Excerpts from a dataset
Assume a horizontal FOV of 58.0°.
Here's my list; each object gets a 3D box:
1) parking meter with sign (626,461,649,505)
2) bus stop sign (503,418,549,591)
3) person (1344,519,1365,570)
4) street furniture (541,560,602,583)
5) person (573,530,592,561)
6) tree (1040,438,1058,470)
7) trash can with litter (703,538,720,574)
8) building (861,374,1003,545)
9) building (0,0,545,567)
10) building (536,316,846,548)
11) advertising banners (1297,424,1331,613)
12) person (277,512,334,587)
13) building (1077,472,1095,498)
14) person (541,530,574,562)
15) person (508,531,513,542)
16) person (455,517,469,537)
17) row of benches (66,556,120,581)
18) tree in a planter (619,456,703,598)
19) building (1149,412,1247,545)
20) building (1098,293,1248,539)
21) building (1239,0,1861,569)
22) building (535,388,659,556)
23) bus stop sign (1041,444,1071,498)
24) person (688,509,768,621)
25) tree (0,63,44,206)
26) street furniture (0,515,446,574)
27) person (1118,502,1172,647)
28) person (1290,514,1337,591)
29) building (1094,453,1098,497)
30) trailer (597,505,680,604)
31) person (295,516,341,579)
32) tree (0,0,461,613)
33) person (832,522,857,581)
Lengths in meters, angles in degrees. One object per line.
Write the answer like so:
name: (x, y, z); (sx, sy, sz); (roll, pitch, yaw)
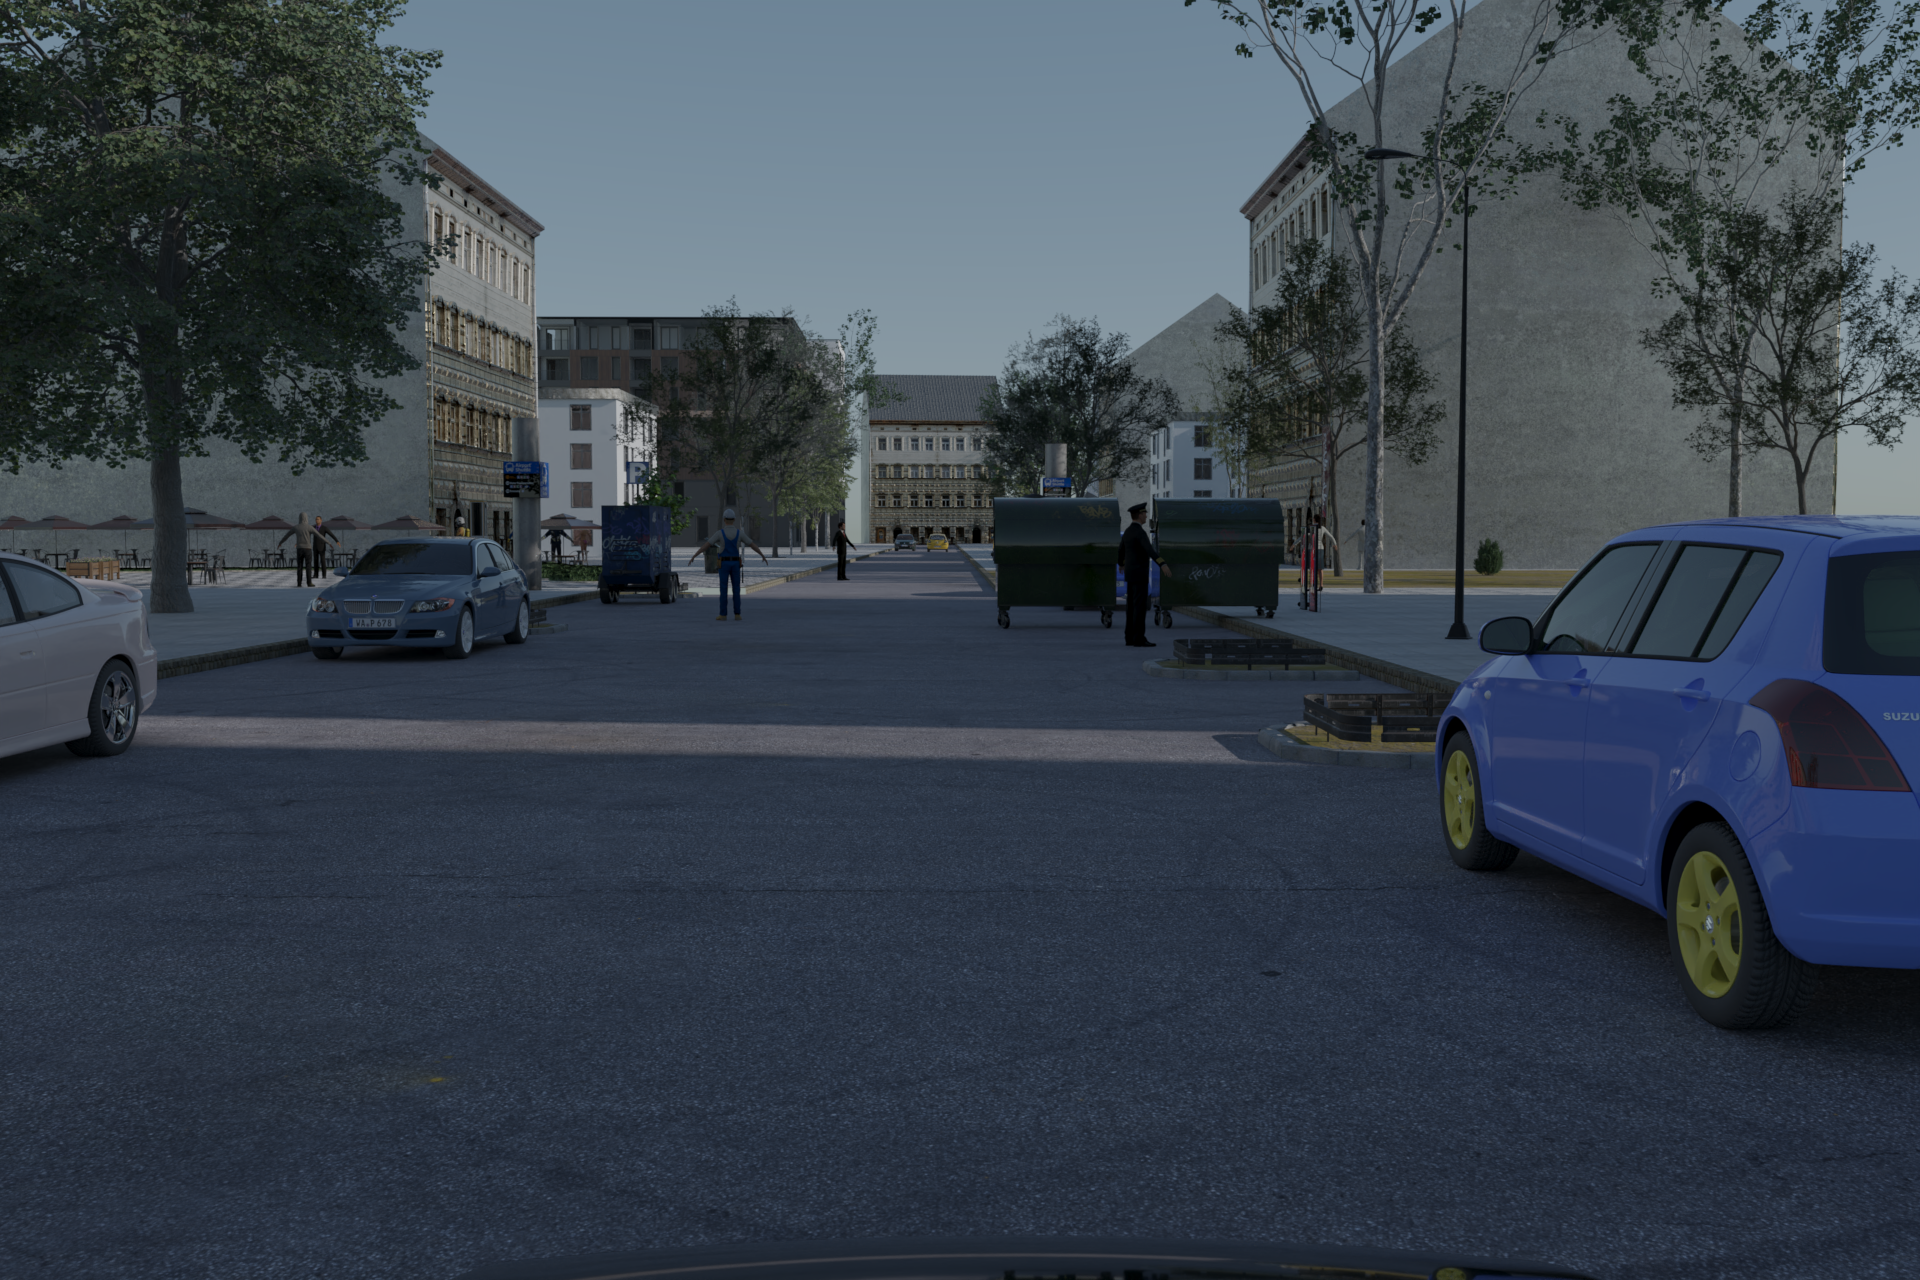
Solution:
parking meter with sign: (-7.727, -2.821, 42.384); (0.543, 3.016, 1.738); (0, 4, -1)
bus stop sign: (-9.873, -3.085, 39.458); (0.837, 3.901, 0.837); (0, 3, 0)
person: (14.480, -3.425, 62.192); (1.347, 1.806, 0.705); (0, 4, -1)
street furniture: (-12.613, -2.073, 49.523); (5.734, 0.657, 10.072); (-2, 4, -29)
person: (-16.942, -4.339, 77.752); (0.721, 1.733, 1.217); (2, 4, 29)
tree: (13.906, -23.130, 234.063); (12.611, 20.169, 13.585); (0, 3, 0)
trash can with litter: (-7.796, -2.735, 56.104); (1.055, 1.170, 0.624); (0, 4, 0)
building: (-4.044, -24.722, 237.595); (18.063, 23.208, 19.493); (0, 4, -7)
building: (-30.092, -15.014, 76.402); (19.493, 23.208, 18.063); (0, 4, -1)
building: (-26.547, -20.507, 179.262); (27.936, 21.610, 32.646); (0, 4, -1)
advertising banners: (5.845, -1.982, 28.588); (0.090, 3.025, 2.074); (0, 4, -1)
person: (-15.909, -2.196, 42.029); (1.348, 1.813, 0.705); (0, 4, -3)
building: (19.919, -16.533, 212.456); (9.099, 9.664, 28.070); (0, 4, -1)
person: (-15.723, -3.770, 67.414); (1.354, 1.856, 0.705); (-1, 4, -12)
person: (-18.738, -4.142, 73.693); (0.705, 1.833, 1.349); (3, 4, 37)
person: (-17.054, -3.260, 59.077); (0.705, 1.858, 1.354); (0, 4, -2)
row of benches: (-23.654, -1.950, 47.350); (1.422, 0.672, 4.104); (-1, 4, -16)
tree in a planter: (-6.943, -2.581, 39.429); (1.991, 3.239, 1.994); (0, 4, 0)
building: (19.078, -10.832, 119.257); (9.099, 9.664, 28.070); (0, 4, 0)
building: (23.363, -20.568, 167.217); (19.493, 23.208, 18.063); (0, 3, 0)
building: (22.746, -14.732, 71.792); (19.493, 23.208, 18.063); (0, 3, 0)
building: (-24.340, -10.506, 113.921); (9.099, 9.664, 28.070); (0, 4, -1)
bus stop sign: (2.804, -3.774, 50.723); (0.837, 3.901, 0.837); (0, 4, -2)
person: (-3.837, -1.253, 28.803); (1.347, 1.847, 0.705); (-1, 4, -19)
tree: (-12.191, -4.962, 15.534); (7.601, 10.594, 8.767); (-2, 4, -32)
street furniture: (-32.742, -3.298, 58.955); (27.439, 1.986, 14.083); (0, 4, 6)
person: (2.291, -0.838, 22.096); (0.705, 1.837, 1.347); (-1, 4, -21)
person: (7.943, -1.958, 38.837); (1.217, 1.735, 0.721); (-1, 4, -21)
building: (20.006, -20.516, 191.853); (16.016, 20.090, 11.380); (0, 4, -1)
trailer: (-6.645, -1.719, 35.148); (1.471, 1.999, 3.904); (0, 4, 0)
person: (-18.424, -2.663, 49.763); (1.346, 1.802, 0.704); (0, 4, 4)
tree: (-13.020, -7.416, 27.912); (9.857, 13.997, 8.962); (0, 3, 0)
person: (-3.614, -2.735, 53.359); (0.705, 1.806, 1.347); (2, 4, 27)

TASK DIRECTIONS
Lines from the first one above through the line containing "name: (x, y, z);" are to be retyped exactly, both included, and nothing more.

TASK ANSWER
Assume a horizontal FOV of 58.0°.
Here's my list; each object gets a 3D box:
1) parking meter with sign (626,461,649,505)
2) bus stop sign (503,418,549,591)
3) person (1344,519,1365,570)
4) street furniture (541,560,602,583)
5) person (573,530,592,561)
6) tree (1040,438,1058,470)
7) trash can with litter (703,538,720,574)
8) building (861,374,1003,545)
9) building (0,0,545,567)
10) building (536,316,846,548)
11) advertising banners (1297,424,1331,613)
12) person (277,512,334,587)
13) building (1077,472,1095,498)
14) person (541,530,574,562)
15) person (508,531,513,542)
16) person (455,517,469,537)
17) row of benches (66,556,120,581)
18) tree in a planter (619,456,703,598)
19) building (1149,412,1247,545)
20) building (1098,293,1248,539)
21) building (1239,0,1861,569)
22) building (535,388,659,556)
23) bus stop sign (1041,444,1071,498)
24) person (688,509,768,621)
25) tree (0,63,44,206)
26) street furniture (0,515,446,574)
27) person (1118,502,1172,647)
28) person (1290,514,1337,591)
29) building (1094,453,1098,497)
30) trailer (597,505,680,604)
31) person (295,516,341,579)
32) tree (0,0,461,613)
33) person (832,522,857,581)
Lengths in meters, angles in degrees. One object per line.
Write the answer like so:
name: (x, y, z); (sx, sy, sz); (roll, pitch, yaw)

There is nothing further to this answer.